In parallel with the analytical investigation, a workshop on low-damage rocking systems will be initiated. The workshop will invite leading practitioners and researchers to formally identify and document impediments to wider implementation of low-damage rocking technologies in practice. Prior to the workshop, a roadmap outline will be developed to map out a plan for coordinated efforts to produce design guidelines and standards for rocking systems. This effort will be carried out in collaboration with the current NEHRP Provisions Update Committee (PUC) Issue Teams working on rocking systems, as appropriate. The outline will be disseminated as a read-ahead document for the workshop. The findings of the workshop will be documented in a report.

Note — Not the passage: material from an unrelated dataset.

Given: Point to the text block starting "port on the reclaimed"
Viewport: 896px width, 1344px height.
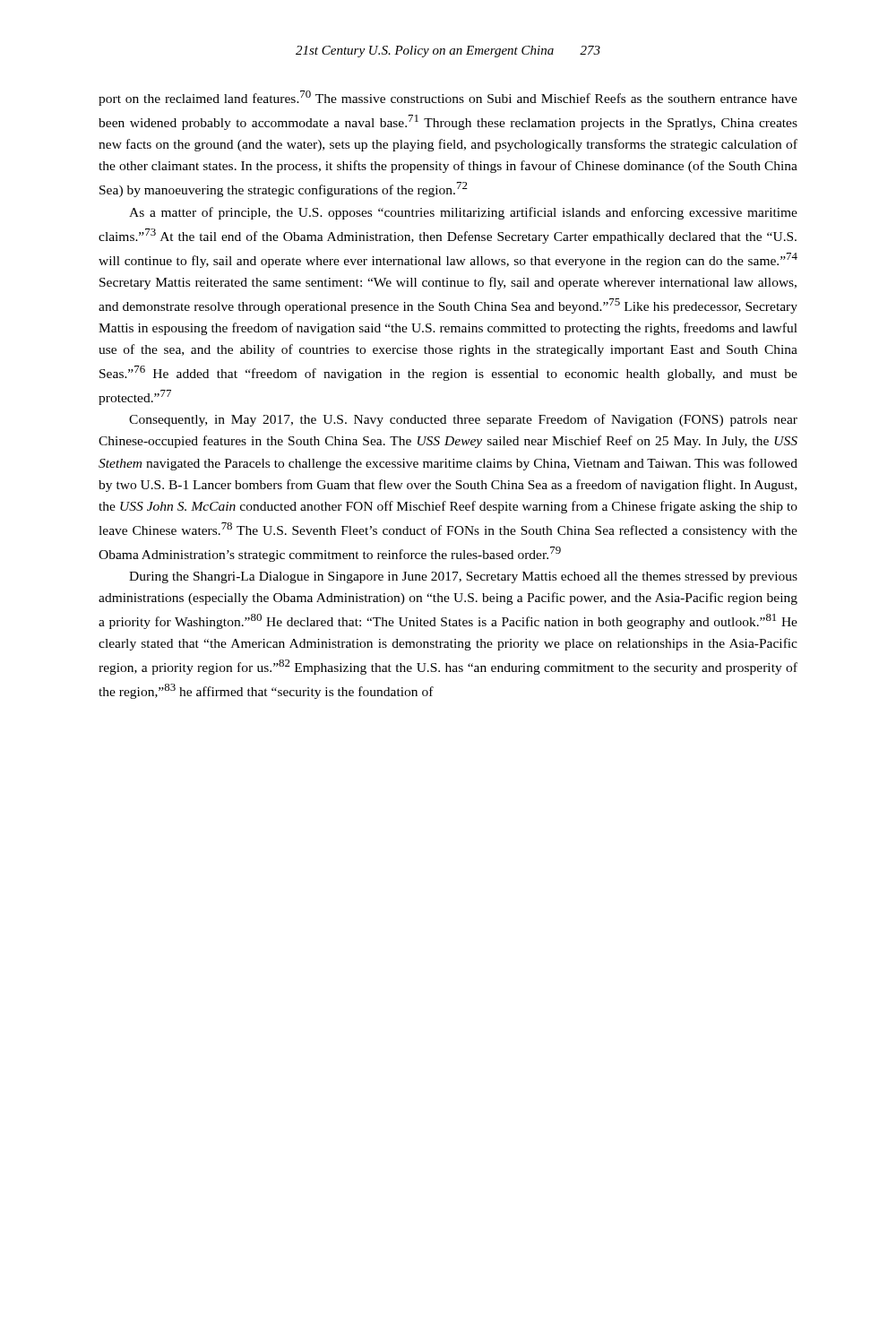Looking at the screenshot, I should tap(448, 143).

The third component of this project will be to develop preliminary design guidelines for rocking reinforced concrete shear walls and/or steel braced frames. Currently, design guidelines specific to U.S. practice do not exist for these rocking systems. These guidelines will be developed in collaboration with a group of external experts. The guidelines will ultimately help promote practical implementation of low-damage rocking systems. The guidelines will also help pave the way for development of a pre-standard.
RT2: Seismic Performance of Buildings and Lifelines in the Central-Eastern United States
The first task resulted in a report of the building suite, with designs and associated information published and made available via www.NEHRP.gov. The second task is related to developing a workshop. A contractor is being engaged to develop and lead a team of experts to develop a comprehensive, concise report of research topics that detail needed research required to advance seismic design and construction practices for new and existing buildings and lifeline infrastructure located in the CEUS. In so doing, the contractor will develop and host a theme-focused workshop to finalize and prioritize the needed research topics.
Recommendations following the workshop will be considered to chart the path forward for this project. This will include evaluating research needs on Risk Category III and IV buildings (e.g., hospitals). This will also give a clearer vision of the potential studies for the CEUS building suite. This work will include investigating retrofit strategies or other important aspects of existing buildings in the CEUS as identified in the workshop.